Ciudad de México, 17 de junio de 2026.- El yoga se ha establecido como una de las prácticas más recomendadas por los profesionales del bienestar gracias a sus numerosos beneficios para la salud tanto física como mental y emocional. Esta antigua disciplina, originaria de la India, integra posturas corporales, técnicas de respiración y meditación que contribuyen a mejorar la calidad de vida de quienes la practican de manera habitual.
Según los especialistas en salud y ejercicio, realizar yoga al menos dos o tres veces a la semana puede provocar cambios favorables en el organismo. Entre sus principales ventajas se encuentran las siguientes:
1. Mejora la flexibilidad y la postura
Las diversas posturas o “asanas” son eficaces para fortalecer músculos y articulaciones, aumentando así la flexibilidad del cuerpo. Además, promueven una alineación corporal adecuada, lo que ayuda a reducir molestias en la espalda y el cuello, a menudo causadas por malas posturas.

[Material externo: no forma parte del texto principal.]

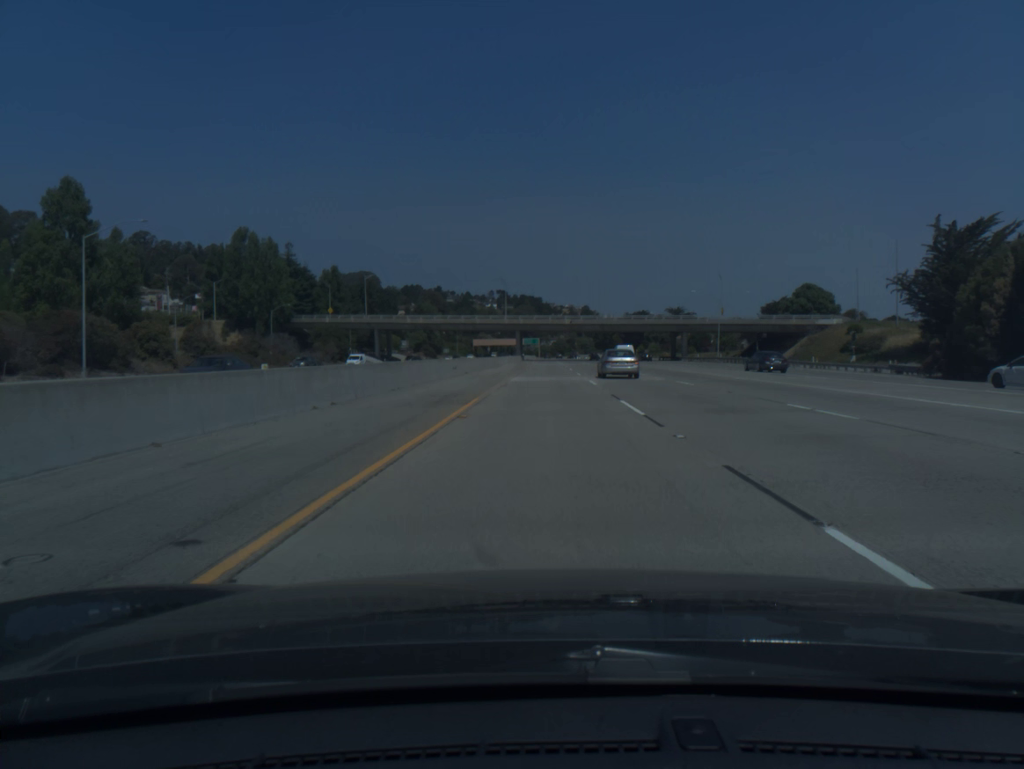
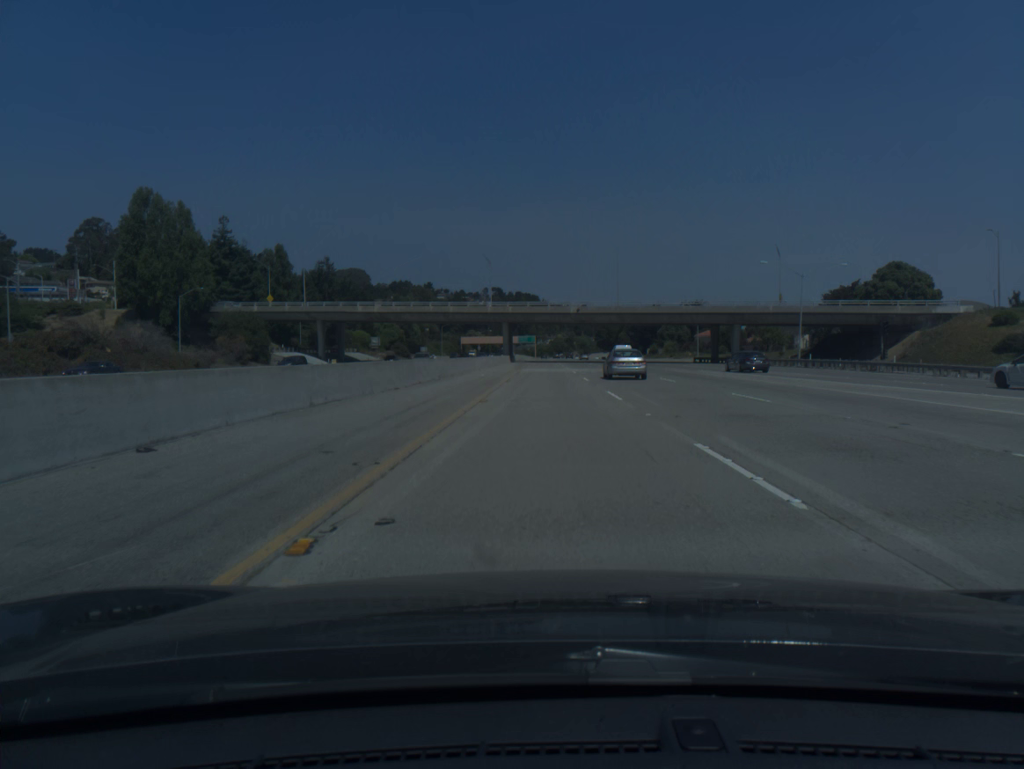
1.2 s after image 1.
(+0.1, +39.0) m; 0°
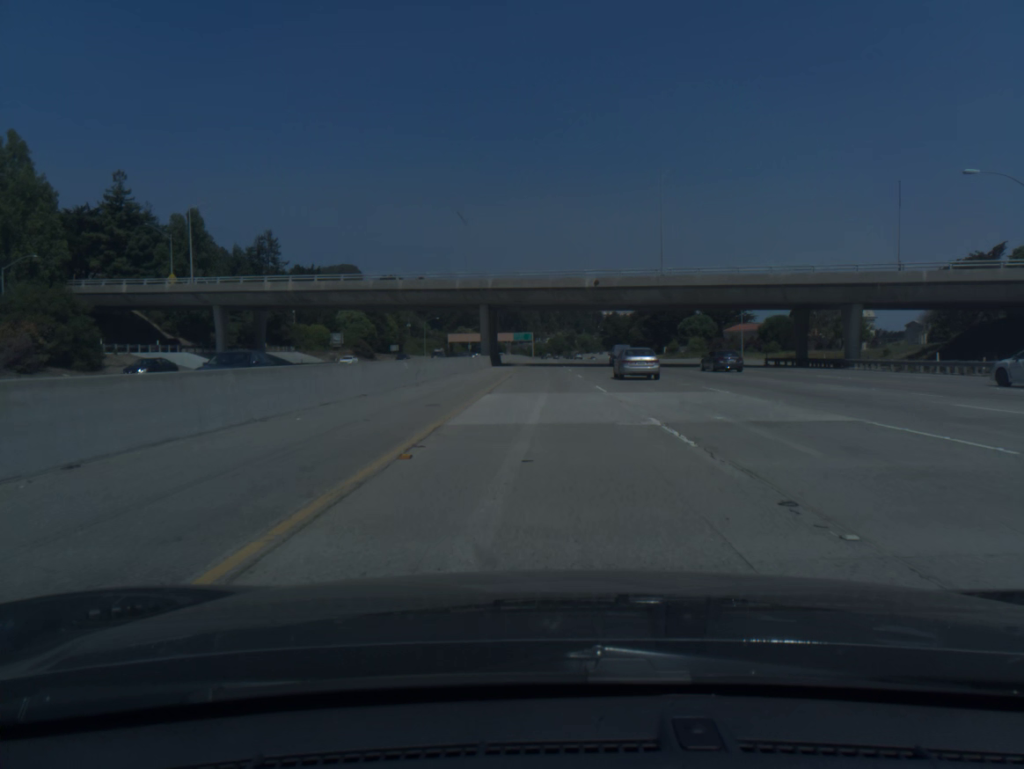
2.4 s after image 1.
(+0.1, +39.0) m; 0°
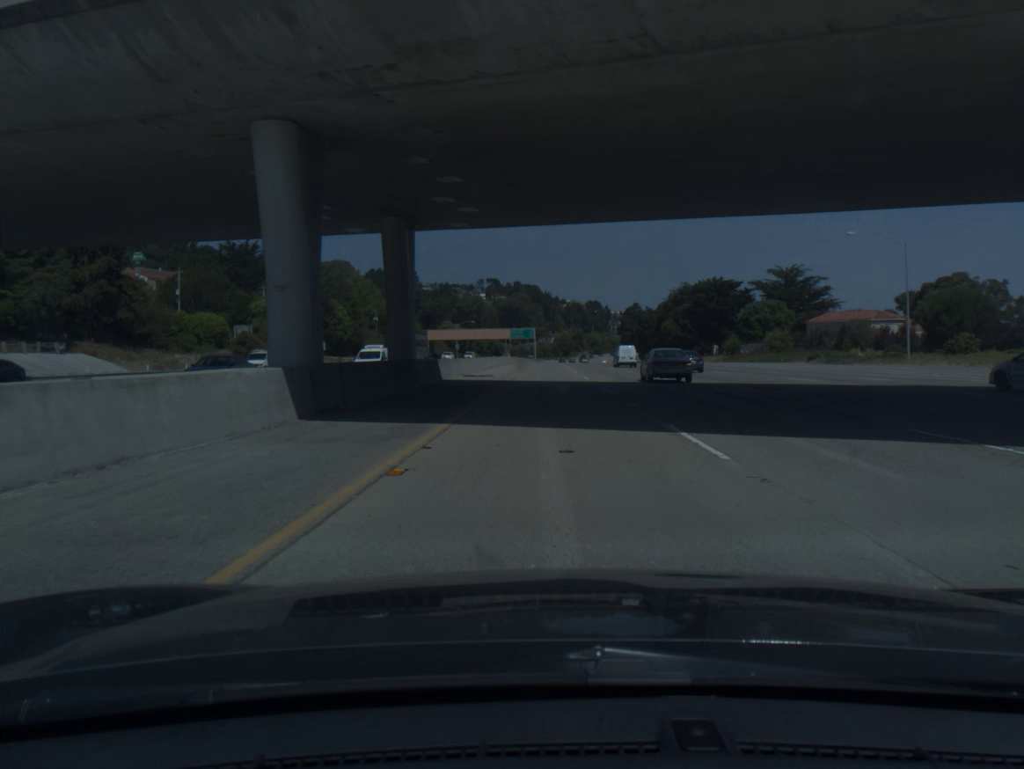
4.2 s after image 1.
(-0.1, +58.5) m; 0°

2. Reduce el estrés y la ansiedad
La combinación de ejercicios de respiración y meditación es efectiva para disminuir los niveles de estrés. La práctica del yoga favorece la relajación y ayuda a manejar la ansiedad, generando una mayor sensación de calma y bienestar emocional.

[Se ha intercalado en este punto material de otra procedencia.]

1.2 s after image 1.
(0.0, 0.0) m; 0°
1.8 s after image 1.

3. Fortalece el sistema cardiovascular
Ciertas modalidades de yoga estimulan la circulación sanguínea y colaboran en la regulación de la presión arterial. Asimismo, ayudan a disminuir los factores de riesgo asociados con enfermedades del corazón.
4. Mejora la calidad del sueño
Las personas que practican yoga de manera regular tienden a disfrutar de un descanso más profundo y reparador. Las técnicas de relajación son beneficiosas para facilitar la conciliación del sueño y combatir el insomnio.
5. Incrementa la concentración y el equilibrio mental
El yoga promueve la atención plena y la conexión entre cuerpo y mente. Esto puede resultar en una mejor capacidad de concentración, mayor claridad mental y una gestión emocional más efectiva en la vida diaria.
Los especialistas afirman que el yoga es una práctica accesible para personas de todas las edades, adaptándose a diferentes niveles de condición física. Además de sus beneficios para la salud, esta disciplina se ha vuelto una herramienta valiosa para fomentar hábitos de vida más saludables y equilibrados.